Data excerpt:
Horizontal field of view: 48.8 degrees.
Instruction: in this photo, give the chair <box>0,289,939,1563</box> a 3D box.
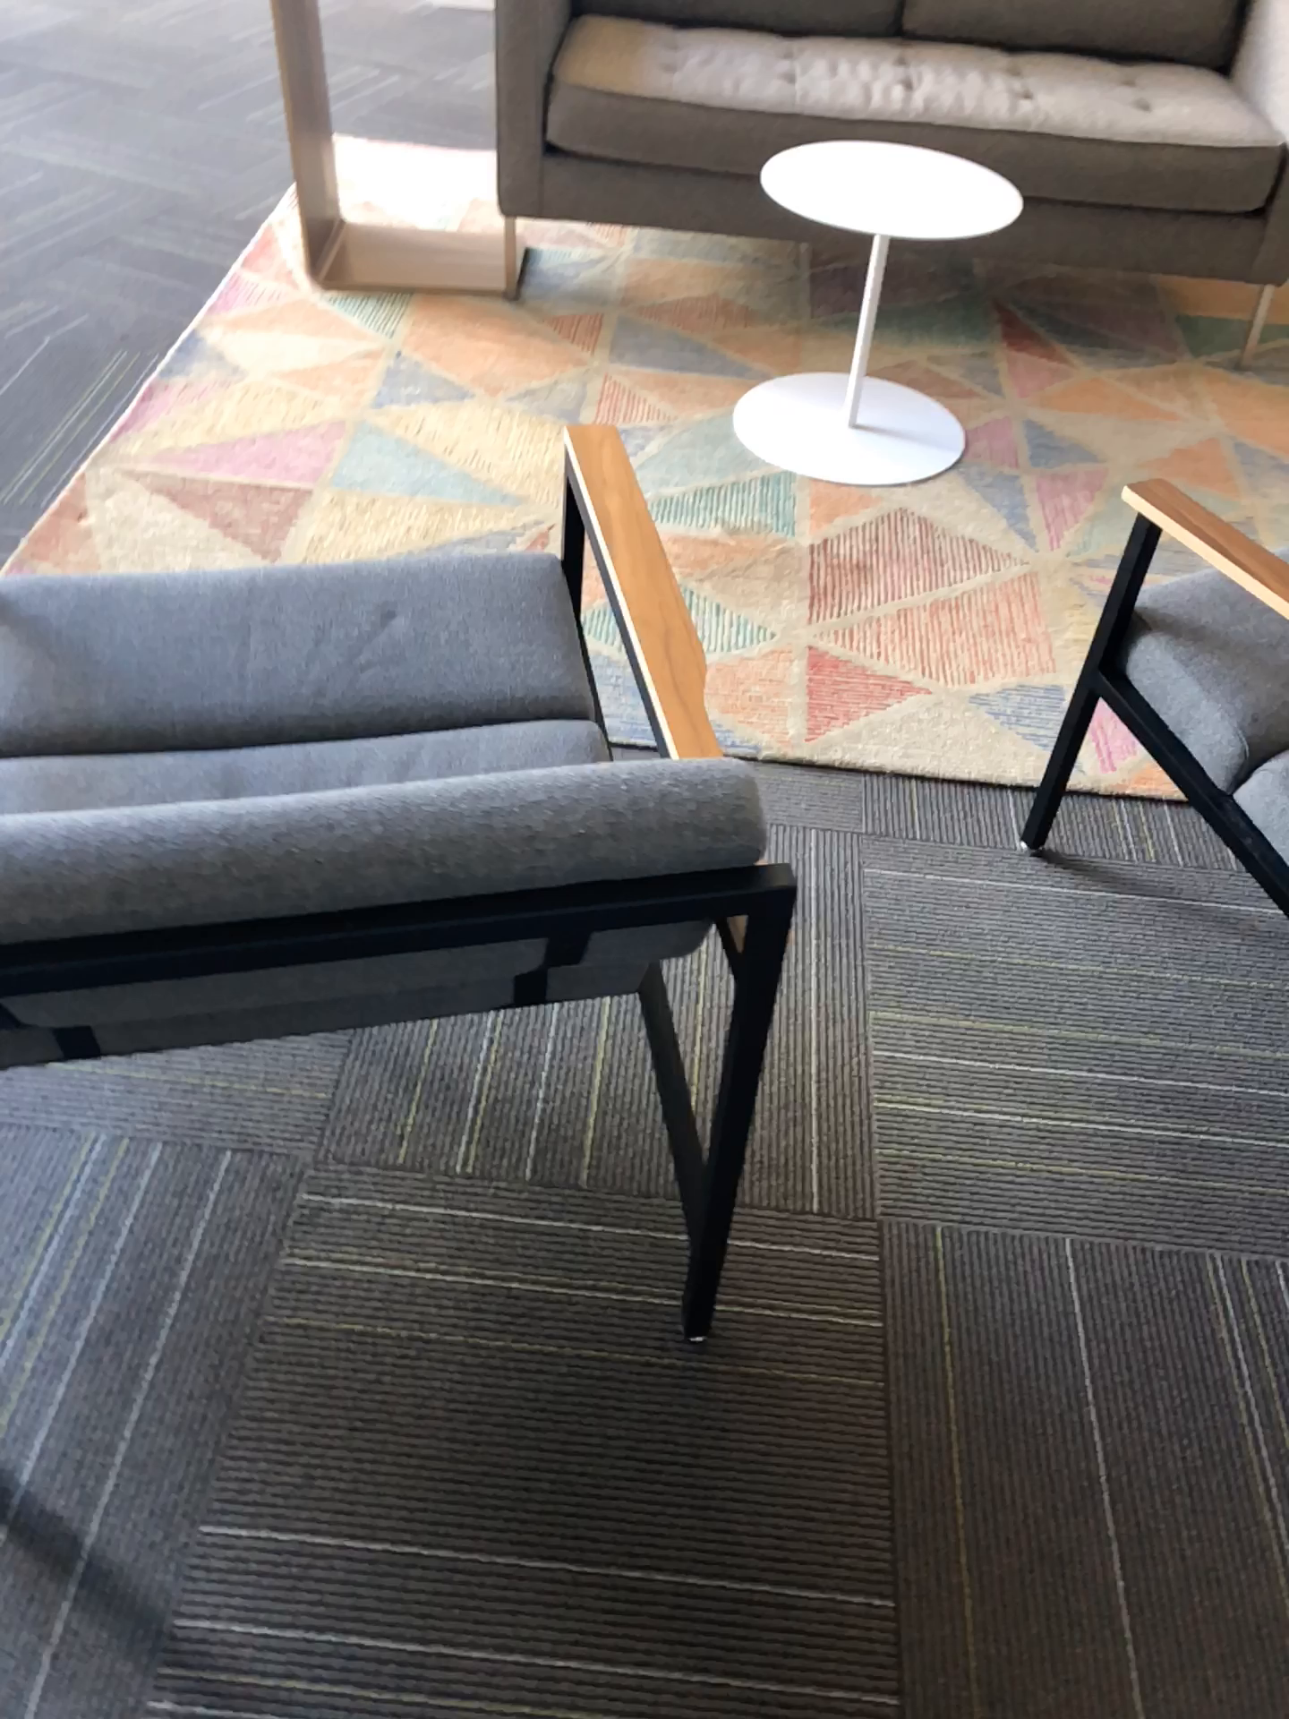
[{"bbox_3d":[-0.324,-0.019,1.375,0.790,0.697,0.924,-6,42,-12],"label":"chair"}]

Activity: All of the data is to be reproduced exactly, with the pictures left out.

Result:
Horizontal field of view: 48.8 degrees.
Instruction: in this photo, give the chair <box>0,289,939,1563</box> a 3D box.
[{"bbox_3d":[-0.324,-0.019,1.375,0.790,0.697,0.924,-6,42,-12],"label":"chair"}]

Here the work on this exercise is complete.